Naringin abrogates HIV-1 protease inhibitors-induced atherogenic dyslipidemia and oxidative stress in vivo
Graphical abstract
Introduction
Combination antiretroviral therapy (cART) has profoundly enhanced clinical outcomes in HIV-1 infections, leading to reduced mortality and morbidity (Panos et al., 2008, Yang et al., 2008). Antiretroviral agents in clinical practice include Nucleotide Reverse Transcriptase Inhibitors (NRTIs), (abacavir, didanosine, emtricitabine, lamivudine, stavudine, tenofovir and zidovudine), Non-Nucleosides Reverse Transcriptase Inhibitors (NNRTIs), (etravirine, delavirdine, efavirenz and nevirapine), Protease Inhibitors (PIs), (atazanavir, darunavir, fosamprenavir, indinavir, nelfinavir, ritonavir, saquinavir and tipranavir), Integrase Inhibitors, (raltegravir), Entry and/or Fusion inhibitors (FI), (maraviroc and enfuvirtide) (Arts and Hazuda, 2012, Thompson et al., 2010). In cART, two NRTIs and one of either NNRTI or PI or FI are used as a first-line treatment, depending on efficacy and tolerability as per the current World Health Organisation treatment guidelines (Adetokunboh et al., 2015, Arts and Hazuda, 2012). The introduction of fixed-dose combination of the same has further enhanced compliance and adherence to ARV therapy (Barnhart & Shelton, 2015). Unfortunately, despite significant gains in therapeutic outcomes, chronic use of these agents is associated with metabolic complications (Palios, Kadoglou, & Lampropoulos, 2012). HIV PI-based regimes in particular have been associated with dyslipidemia, lipodystrophy and insulin resistance which could potentially predispose patients to increased risks of developing diabetes and cardiovascular diseases in the long run (Palios et al., 2012, Paula et al., 2013).

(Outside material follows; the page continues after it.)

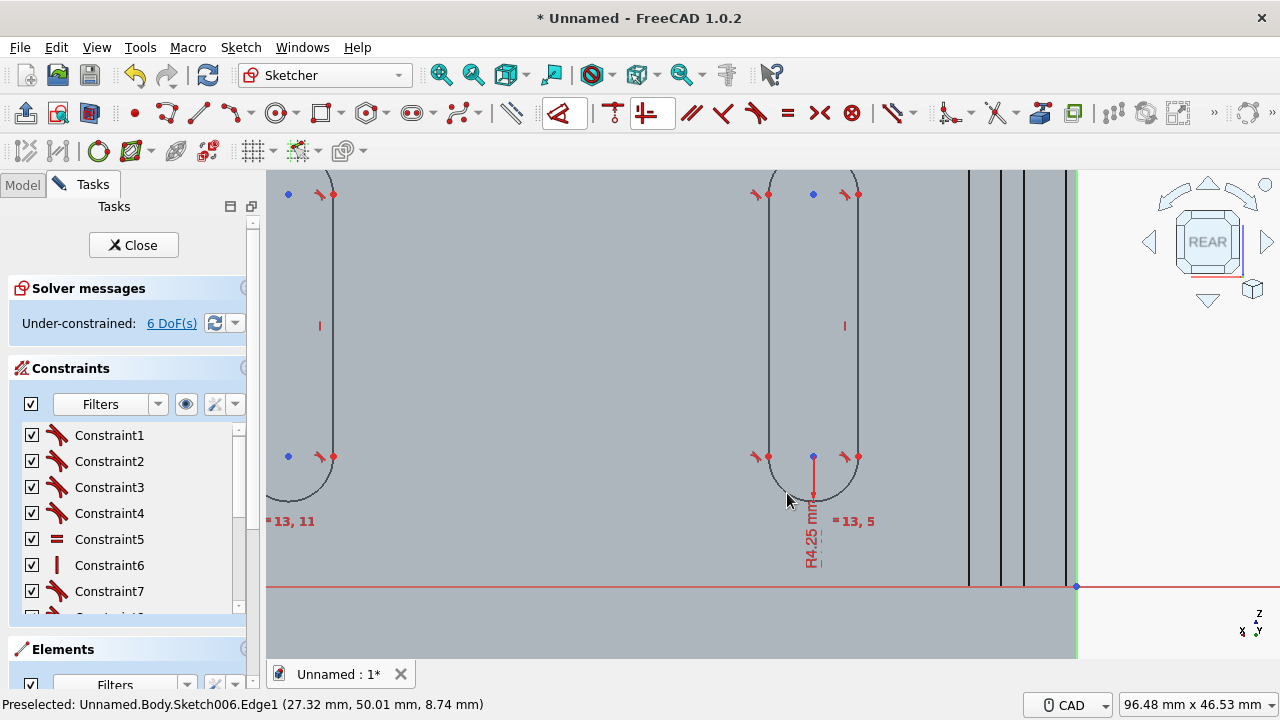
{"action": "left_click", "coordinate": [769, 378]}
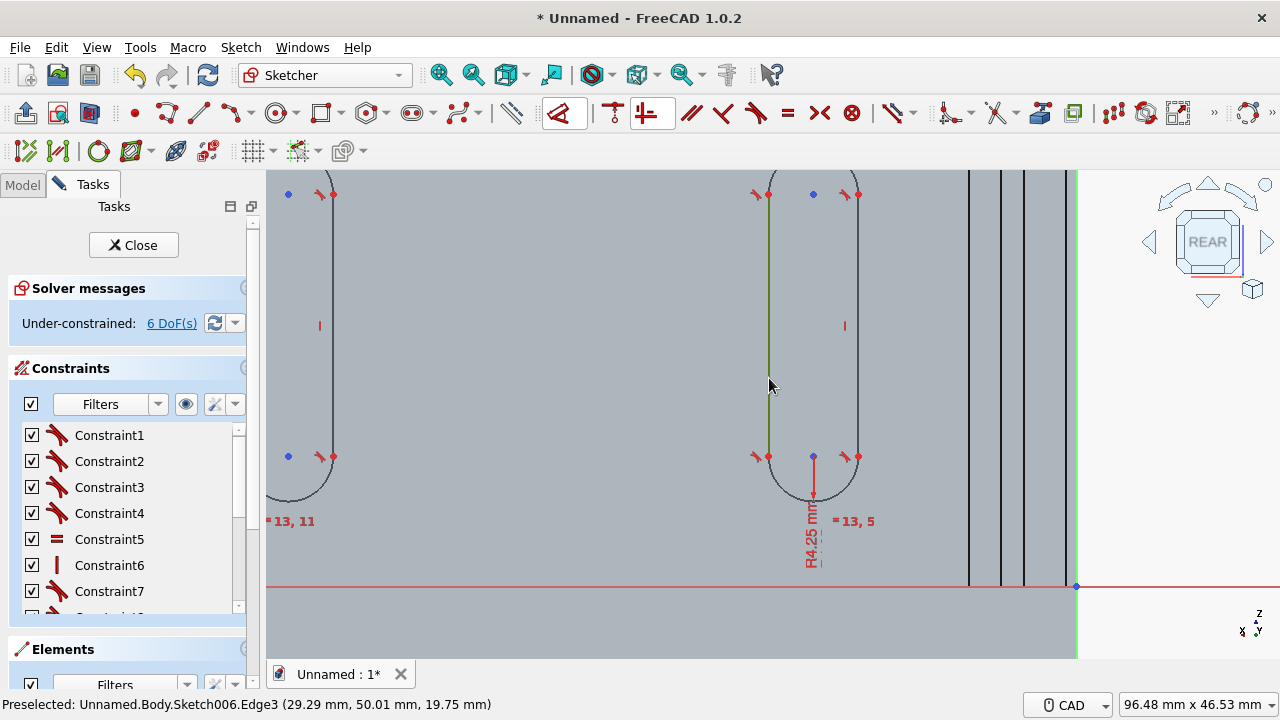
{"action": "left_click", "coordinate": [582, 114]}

Dyslipidemia, characterized by elevated plasma LDL-cholesterol (LDL-c), Triglycerides (TG) or both and reduced plasma HDL-cholesterol (HDL-c) concentrations has been attributed to chronic use of PIs (Manjunath et al., 2013, Talayero and Sacks, 2011) in addition to viral pathogenesis (Feeney & Mallon, 2011). Up to 50% of HIV patients treated with PIs have reportedly developed dyslipidemia depending on individual PIs and the duration of therapy (Anuurad et al., 2010, Chastain et al., 2015). Higher plasma TG concentrations have been reported in patients treated with ritonavir-containing regimes, while increased plasma total cholesterol has been reported in patients treated with all PI-containing regimes (Lu et al., 2011, Overton et al., 2012). The newer PIs such as atazanavir and darunavir, however, appear to have less deleterious effects on lipid metabolism, even when boosted with ritonavir (Anuurad et al., 2010, Overton et al., 2012).
Furthermore, the use of PIs causes increased cellular oxidative stress, which is widely implicated in the development of metabolic diseases by as yet poorly understood mechanisms (Wang et al., 2009, Zhang et al., 2014). Increased production of Reactive Oxygen Species (ROS) is known to cause auto-oxidation of nuclei acids, polyunsaturated fatty acids and proteins leading to increased production of malondialdehyde (MDA), carbonyl proteins, reduced glutathione and antioxidant enzyme activities which cause damage to plasma membrane and increased cell apoptosis (Sharma, Jha, Dubey, & Pessarakli, 2012).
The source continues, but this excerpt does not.